3 Responses to “The Crowdsourcing Challenge: How Sites Are Handling The Sarah Palin E-Mails”

  1. mark simon

    Thanks Laura, it is interesting to see, and I do look forward to see where this will go.  Your story was well read and I had a couple of folks email me on my comments.  Both disagreed with my belief that there was not a public service in this effort.

    We are just opening in the US and reader feedback involvement is new for us, as in Hong Kong the laws/political scene are much different.   

    I have become a big fan of paidcontent, as writing is solid and story picks good. 

    thanks 

  2. Hey Mark, Thanks for bringing up the marketing angle of this, that is a really good point and one that I’d like to follow up on in another post. It’s interesting to see how the websites are promoting the e-mails (or not) and advertising the fact that they need “help” going through them. On some levels it’s a “stunt,” as you put it, but on the other hand, I hope we’ll be seeing a lot more of this–news organizations opening up primary documents for readers to analyze, and then using some of what the readers find in follow-up articles (and citing those readers). It’s marketing in a way, but it’s also just a smart response to the ways that reporting is changing. And it’s a great way to pull individual commenters into articles (including articles in the print form of these publications) without letting the articles devolve into a sort of messy and opinionated free-for-all like you see in the comments sections on websites.

    I take your point that there’s a question about whether the Palin e-mails should be used as source material for this, but she’s an incredibly well-known public figure who’s been extremely active in social media herself, some of the e-mails are redacted and it honestly seems (to me!) like an ideal approach for this kind of thing. And if it turns out that nothing of much real substance is found in these e-mails, well, might as well give the readers the opportunity to see the source materials themselves. They may end up reading those e-mails and then agreeing with exactly what you wrote above.

    It’s all interesting, huh?
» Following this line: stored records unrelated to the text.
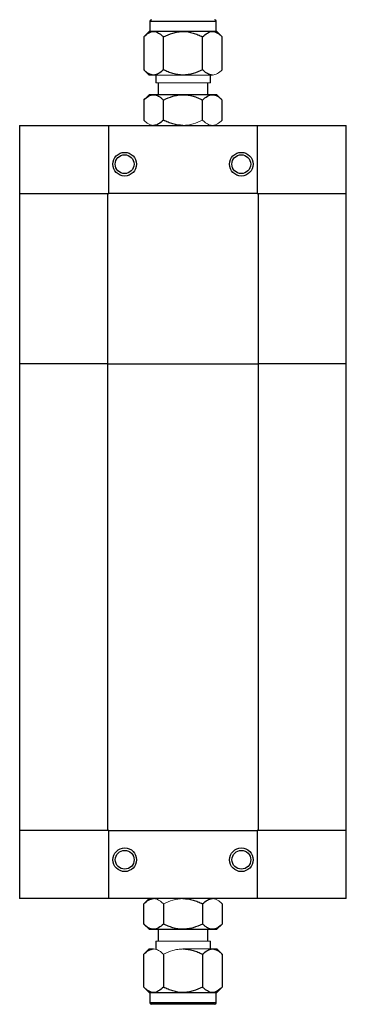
# Model space of a CAD drawing. Header units: millimetres. Extents: x 53 to 387, y 29 to 391.
# Tile 4 of 9: x 345 to 387, y 104 to 231. Entities that reach past the tile are written whole.
import ezdxf

# ---------------------------------------------------------------- set-up
doc = ezdxf.new("R2010")
doc.units = ezdxf.units.MM

msp = doc.modelspace()

# ---------------------------------------------------------------- linework, layer by layer
at = {"color": 7, "linetype": 'Continuous', "lineweight": 25}
for p, q in [((361.83, 230.61), (361.83, 229.28)), ((370.34, 229.28), (370.34, 230.61)), ((361.72, 229.28), (361.04, 228.61)), ((362.3, 229.28), (361.72, 229.28)), ((366.08, 229.28), (362.3, 229.28)), ((369.86, 229.28), (366.08, 229.28)), ((370.45, 229.28), (369.86, 229.28)), ((371.12, 228.61), (370.45, 229.28)), ((361.04, 228.61), (361.04, 224.37)), ((363.56, 224.37), (363.56, 228.61)), ((368.6, 224.37), (368.6, 228.61)), ((371.12, 224.37), (371.12, 228.61)), ((361.04, 224.37), (361.72, 223.69)), ((362.57, 223.69), (362.57, 222.68)), ((369.6, 222.68), (369.6, 223.69)), ((362.91, 222.68), (362.91, 221.15)), ((369.26, 221.15), (369.26, 222.68)), ((361.72, 221.15), (361.04, 220.48)), ((361.04, 220.48), (361.04, 217.89)), ((362.3, 221.15), (361.72, 221.15)), ((366.08, 221.15), (362.3, 221.15)), ((363.56, 217.89), (363.56, 220.48)), ((369.86, 221.15), (366.08, 221.15)), ((368.6, 217.89), (368.6, 220.48)), ((370.45, 221.15), (369.86, 221.15)), ((371.12, 220.48), (370.45, 221.15)), ((371.12, 217.89), (371.12, 220.48)), ((345.08, 217.22), (345.08, 208.47)), ((345.08, 217.22), (356.53, 217.22)), ((356.53, 217.22), (375.64, 217.22)), ((356.53, 208.47), (356.53, 217.22)), ((375.64, 217.22), (375.64, 208.47)), ((375.64, 217.22), (387.08, 217.22)), ((387.08, 208.47), (387.08, 217.22)), ((345.08, 208.47), (345.08, 186.57)), ((345.08, 208.47), (356.53, 208.47)), ((356.43, 186.57), (356.43, 208.47)), ((375.64, 208.47), (356.53, 208.47)), ((375.64, 208.47), (387.08, 208.47)), ((375.74, 208.47), (375.74, 186.57)), ((387.08, 186.57), (387.08, 208.47)), ((345.08, 186.57), (345.08, 126.57)), ((356.43, 186.57), (345.08, 186.57)), ((356.43, 186.57), (375.74, 186.57)), ((356.43, 126.57), (356.43, 186.57)), ((375.74, 186.57), (375.74, 126.57)), ((387.08, 186.57), (375.74, 186.57)), ((387.08, 126.57), (387.08, 186.57)), ((345.08, 126.57), (345.08, 117.82)), ((356.43, 126.57), (345.08, 126.57)), ((356.53, 126.57), (345.08, 126.57)), ((356.53, 126.57), (375.64, 126.57)), ((356.53, 117.82), (356.53, 126.57)), ((387.08, 126.57), (375.64, 126.57)), ((375.64, 126.57), (375.64, 117.82)), ((387.08, 126.57), (375.74, 126.57)), ((387.08, 117.82), (387.08, 126.57)), ((356.53, 117.82), (345.08, 117.82)), ((375.64, 117.82), (356.53, 117.82)), ((361.72, 117.82), (361.04, 117.14)), ((387.08, 117.82), (375.64, 117.82)), ((361.04, 114.55), (361.04, 117.14)), ((363.56, 117.14), (363.56, 114.55)), ((368.6, 117.14), (368.6, 114.55)), ((371.12, 117.14), (371.12, 114.55)), ((361.04, 114.55), (361.72, 113.88)), ((370.45, 113.88), (371.12, 114.55)), ((361.72, 113.88), (362.3, 113.88)), ((362.3, 113.88), (366.08, 113.88)), ((362.91, 113.88), (362.91, 112.36)), ((366.08, 113.88), (369.86, 113.88)), ((369.26, 112.36), (369.26, 113.88)), ((369.86, 113.88), (370.45, 113.88)), ((362.57, 112.36), (362.57, 111.29)), ((369.6, 111.34), (369.6, 112.36)), ((361.72, 111.34), (361.04, 110.66)), ((361.04, 106.43), (361.04, 110.66)), ((363.56, 110.66), (363.56, 106.43)), ((368.6, 110.66), (368.6, 106.43)), ((371.12, 110.66), (370.45, 111.34)), ((371.12, 110.66), (371.12, 106.43)), ((361.04, 106.43), (361.72, 105.75)), ((370.45, 105.75), (371.12, 106.43)), ((361.72, 105.75), (362.3, 105.75)), ((361.83, 105.75), (361.83, 104.42)), ((362.3, 105.75), (366.08, 105.75)), ((366.08, 105.75), (369.86, 105.75)), ((369.86, 105.75), (370.45, 105.75)), ((370.34, 104.42), (370.34, 105.75)), ((370.15, 104.23), (362.02, 104.23))]:
    msp.add_line(p, q, dxfattribs=at)
at = {"color": 8, "linetype": 'Continuous', "lineweight": 25}
for p, q in [((361.83, 230.61), (370.34, 230.61)), ((370.34, 104.42), (361.83, 104.42))]:
    msp.add_line(p, q, dxfattribs=at)
at = {"color": 144, "linetype": 'Continuous', "lineweight": 18}
for p, q in [((361.72, 223.69), (362.3, 223.69)), ((362.3, 223.69), (366.08, 223.69)), ((366.08, 223.69), (369.86, 223.69)), ((362.57, 222.68), (369.6, 222.68)), ((345.08, 208.47), (356.43, 208.47)), ((387.08, 208.47), (375.74, 208.47)), ((369.6, 112.36), (362.57, 112.36)), ((362.3, 111.34), (361.72, 111.34)), ((369.86, 111.34), (366.08, 111.34)), ((370.45, 111.34), (369.86, 111.34))]:
    msp.add_line(p, q, dxfattribs=at)
at = {"color": 7, "linetype": 'Continuous', "lineweight": 25}
for centre, radius in [((358.58, 212.23), 1.52), ((358.58, 212.23), 1.21), ((373.58, 212.23), 1.52), ((373.58, 212.23), 1.21), ((358.59, 122.81), 1.52), ((373.59, 122.81), 1.52), ((358.59, 122.81), 1.21), ((373.59, 122.81), 1.21)]:
    msp.add_circle(centre, radius, dxfattribs=at)
for centre, start, end in [((362.02, 230.61), 90, 180), ((370.15, 230.61), 0, 90), ((362.02, 104.42), 180, 270), ((370.15, 104.42), 270, 0)]:
    msp.add_arc(centre, 0.191, start, end, dxfattribs=at)
for points in [[(361.04, 228.61), (361.24, 228.8), (361.44, 228.97), (361.76, 229.15), (361.86, 229.2), (362.08, 229.26), (362.19, 229.28), (362.3, 229.28)], [(362.3, 229.28), (362.52, 229.28), (362.74, 229.21), (363.06, 229.03), (363.16, 228.96), (363.36, 228.8), (363.46, 228.7), (363.56, 228.61)], [(363.56, 228.61), (363.96, 228.8), (364.36, 228.97), (364.99, 229.15), (365.2, 229.2), (365.64, 229.26), (365.86, 229.28), (366.08, 229.28)], [(366.08, 229.28), (366.53, 229.28), (366.96, 229.21), (367.59, 229.03), (367.8, 228.96), (368.21, 228.8), (368.41, 228.7), (368.6, 228.61)], [(368.6, 228.61), (368.8, 228.8), (369, 228.97), (369.32, 229.15), (369.42, 229.2), (369.64, 229.26), (369.75, 229.28), (369.86, 229.28)], [(369.86, 229.28), (370.09, 229.28), (370.3, 229.21), (370.62, 229.03), (370.72, 228.96), (370.93, 228.8), (371.03, 228.7), (371.12, 228.61)], [(362.3, 223.69), (362.08, 223.69), (361.87, 223.76), (361.55, 223.94), (361.44, 224.01), (361.24, 224.18), (361.14, 224.27), (361.04, 224.37)], [(363.56, 224.37), (363.37, 224.17), (363.16, 224), (362.85, 223.82), (362.74, 223.78), (362.53, 223.71), (362.41, 223.69), (362.3, 223.69)], [(366.08, 223.69), (365.64, 223.69), (365.21, 223.76), (364.58, 223.94), (364.37, 224.01), (363.96, 224.18), (363.76, 224.27), (363.56, 224.37)], [(368.6, 224.37), (368.21, 224.17), (367.8, 224), (367.18, 223.82), (366.96, 223.78), (366.53, 223.71), (366.31, 223.69), (366.08, 223.69)], [(369.86, 223.69), (369.64, 223.69), (369.43, 223.76), (369.11, 223.94), (369.01, 224.01), (368.8, 224.18), (368.7, 224.27), (368.6, 224.37)], [(361.04, 220.48), (361.24, 220.68), (361.44, 220.84), (361.76, 221.02), (361.86, 221.07), (362.08, 221.14), (362.19, 221.15), (362.3, 221.15)], [(362.3, 221.15), (362.52, 221.15), (362.74, 221.09), (363.06, 220.91), (363.16, 220.83), (363.36, 220.67), (363.46, 220.58), (363.56, 220.48)], [(363.56, 220.48), (363.96, 220.68), (364.36, 220.84), (364.99, 221.02), (365.2, 221.07), (365.64, 221.14), (365.86, 221.15), (366.08, 221.15)], [(366.08, 221.15), (366.53, 221.15), (366.96, 221.09), (367.59, 220.91), (367.8, 220.83), (368.21, 220.67), (368.41, 220.58), (368.6, 220.48)], [(368.6, 220.48), (368.8, 220.68), (369, 220.84), (369.32, 221.02), (369.42, 221.07), (369.64, 221.14), (369.75, 221.15), (369.86, 221.15)], [(369.86, 221.15), (370.09, 221.15), (370.3, 221.09), (370.62, 220.91), (370.72, 220.83), (370.93, 220.67), (371.03, 220.58), (371.12, 220.48)], [(363.56, 217.89), (363.37, 217.69), (363.16, 217.53), (362.85, 217.35), (362.74, 217.3), (362.53, 217.23), (362.41, 217.22), (362.3, 217.22)], [(366.08, 217.22), (365.64, 217.22), (365.21, 217.28), (364.58, 217.46), (364.37, 217.54), (363.96, 217.7), (363.76, 217.79), (363.56, 217.89)], [(361.04, 117.14), (361.24, 117.34), (361.44, 117.51), (361.76, 117.69), (361.86, 117.73), (362.08, 117.8), (362.19, 117.82), (362.3, 117.82)], [(366.08, 117.82), (366.53, 117.82), (366.96, 117.75), (367.59, 117.57), (367.8, 117.5), (368.21, 117.33), (368.41, 117.24), (368.6, 117.14)], [(368.6, 117.14), (368.8, 117.34), (369, 117.51), (369.32, 117.69), (369.42, 117.73), (369.64, 117.8), (369.75, 117.82), (369.86, 117.82)], [(362.3, 113.88), (362.08, 113.88), (361.87, 113.95), (361.55, 114.13), (361.44, 114.2), (361.24, 114.36), (361.14, 114.46), (361.04, 114.55)], [(363.56, 114.55), (363.37, 114.36), (363.16, 114.19), (362.85, 114.01), (362.74, 113.96), (362.53, 113.9), (362.41, 113.88), (362.3, 113.88)], [(366.08, 113.88), (365.64, 113.88), (365.21, 113.95), (364.58, 114.13), (364.37, 114.2), (363.96, 114.36), (363.76, 114.46), (363.56, 114.55)], [(368.6, 114.55), (368.21, 114.36), (367.8, 114.19), (367.18, 114.01), (366.96, 113.96), (366.53, 113.9), (366.31, 113.88), (366.08, 113.88)], [(369.86, 113.88), (369.64, 113.88), (369.43, 113.95), (369.11, 114.13), (369.01, 114.2), (368.8, 114.36), (368.7, 114.46), (368.6, 114.55)], [(371.12, 114.55), (370.93, 114.36), (370.72, 114.19), (370.41, 114.01), (370.3, 113.96), (370.09, 113.9), (369.98, 113.88), (369.86, 113.88)], [(361.04, 110.66), (361.24, 110.86), (361.44, 111.03), (361.76, 111.21), (361.86, 111.26), (362.08, 111.32), (362.19, 111.34), (362.3, 111.34)], [(366.08, 111.34), (366.53, 111.34), (366.96, 111.27), (367.59, 111.09), (367.8, 111.02), (368.21, 110.85), (368.41, 110.76), (368.6, 110.66)], [(368.6, 110.66), (368.8, 110.86), (369, 111.03), (369.32, 111.21), (369.42, 111.26), (369.64, 111.32), (369.75, 111.34), (369.86, 111.34)], [(369.86, 111.34), (370.09, 111.34), (370.3, 111.27), (370.62, 111.09), (370.72, 111.02), (370.93, 110.85), (371.03, 110.76), (371.12, 110.66)], [(362.3, 105.75), (362.08, 105.75), (361.87, 105.82), (361.55, 106), (361.44, 106.07), (361.24, 106.24), (361.14, 106.33), (361.04, 106.43)], [(363.56, 106.43), (363.37, 106.23), (363.16, 106.06), (362.85, 105.88), (362.74, 105.83), (362.53, 105.77), (362.41, 105.75), (362.3, 105.75)], [(366.08, 105.75), (365.64, 105.75), (365.21, 105.82), (364.58, 106), (364.37, 106.07), (363.96, 106.24), (363.76, 106.33), (363.56, 106.43)], [(368.6, 106.43), (368.21, 106.23), (367.8, 106.06), (367.18, 105.88), (366.96, 105.83), (366.53, 105.77), (366.31, 105.75), (366.08, 105.75)], [(369.86, 105.75), (369.64, 105.75), (369.43, 105.82), (369.11, 106), (369.01, 106.07), (368.8, 106.24), (368.7, 106.33), (368.6, 106.43)], [(371.12, 106.43), (370.93, 106.23), (370.72, 106.06), (370.41, 105.88), (370.3, 105.83), (370.09, 105.77), (369.98, 105.75), (369.86, 105.75)]]:
    msp.add_open_spline(points, degree=3, knots=[0, 0, 0, 0, 0.5, 0.5, 0.75, 0.75, 1, 1, 1, 1], dxfattribs=at)
at = {"color": 144, "linetype": 'Continuous', "lineweight": 18}
for points in [[(371.12, 224.37), (370.93, 224.17), (370.72, 224), (370.41, 223.82), (370.3, 223.78), (370.09, 223.71), (369.98, 223.69), (369.86, 223.69)], [(362.3, 217.22), (362.08, 217.22), (361.87, 217.28), (361.55, 217.46), (361.44, 217.54), (361.24, 217.7), (361.14, 217.79), (361.04, 217.89)], [(368.6, 217.89), (368.21, 217.69), (367.8, 217.53), (367.18, 217.35), (366.96, 217.3), (366.53, 217.23), (366.31, 217.22), (366.08, 217.22)], [(369.86, 217.22), (369.64, 217.22), (369.43, 217.28), (369.11, 217.46), (369.01, 217.54), (368.8, 217.7), (368.7, 217.79), (368.6, 217.89)], [(371.12, 217.89), (370.93, 217.69), (370.72, 217.53), (370.41, 217.35), (370.3, 217.3), (370.09, 217.23), (369.98, 217.22), (369.86, 217.22)], [(362.3, 117.82), (362.52, 117.82), (362.74, 117.75), (363.06, 117.57), (363.16, 117.5), (363.36, 117.33), (363.46, 117.24), (363.56, 117.14)], [(363.56, 117.14), (363.96, 117.34), (364.36, 117.51), (364.99, 117.69), (365.2, 117.73), (365.64, 117.8), (365.86, 117.82), (366.08, 117.82)], [(369.86, 117.82), (370.09, 117.82), (370.3, 117.75), (370.62, 117.57), (370.72, 117.5), (370.93, 117.33), (371.03, 117.24), (371.12, 117.14)], [(362.3, 111.34), (362.52, 111.34), (362.74, 111.27), (363.06, 111.09), (363.16, 111.02), (363.36, 110.85), (363.46, 110.76), (363.56, 110.66)], [(363.56, 110.66), (363.96, 110.86), (364.36, 111.03), (364.99, 111.21), (365.2, 111.26), (365.64, 111.32), (365.86, 111.34), (366.08, 111.34)]]:
    msp.add_open_spline(points, degree=3, knots=[0, 0, 0, 0, 0.5, 0.5, 0.75, 0.75, 1, 1, 1, 1], dxfattribs=at)

doc.saveas('drawing.dxf')

I’m going to continue to follow stories like this and watch for the ways that news orgs are enlisting reader help/support/reporting in the digital era, so please keep letting me know what you think and if you have ideas. laura @ paidcontent dot org

  3. Laura, I am no Palin fan.   But this is a marketing stunt, and one that is ill thought out.  First of all 30,000 quarter page emails could be gone through by 5 reporters in two days. You make 250 pounds of paper sound large, that is just silly. This is not an overwhelming stash of documents. 

    Also, if after two days we find out the governor asked about a tanning bed, then whoa!!!!, lets go dig up that Truman treasure trove when he oversaw the White House remodel.  The nerve of that guy with a bowling alley, steam room, movie theater, and get ready for this,, a dumb waiter.   Again, I have been in at least ten Gov mansions and I know of state first ladies who spent more on new napkins than this tanning bed.  

    My real objection here is that the NYT, WASHPOST, and others are opening up a news effort to what no sane person thinks is anything but a circus for Palin haters.   We put Sarah Palin in an animation pole dancing, and have negatively portrayed her in animations a dozen times.  But that is satire.  

    I just don’t know what this is in terms of journalism, as bloggers and left wing activist groups will have access to these emails, so there is no public service in this “crowd lynching” approach.  And the whole lets “get her” is a bit much.   

    You guys reported that NYT reporters complained that Bill Keller’s rants against Huffpost were causing them problems reporting on the tech/net sector.    Wouldn’t one on a political beat worry about this?  Or do they just not care.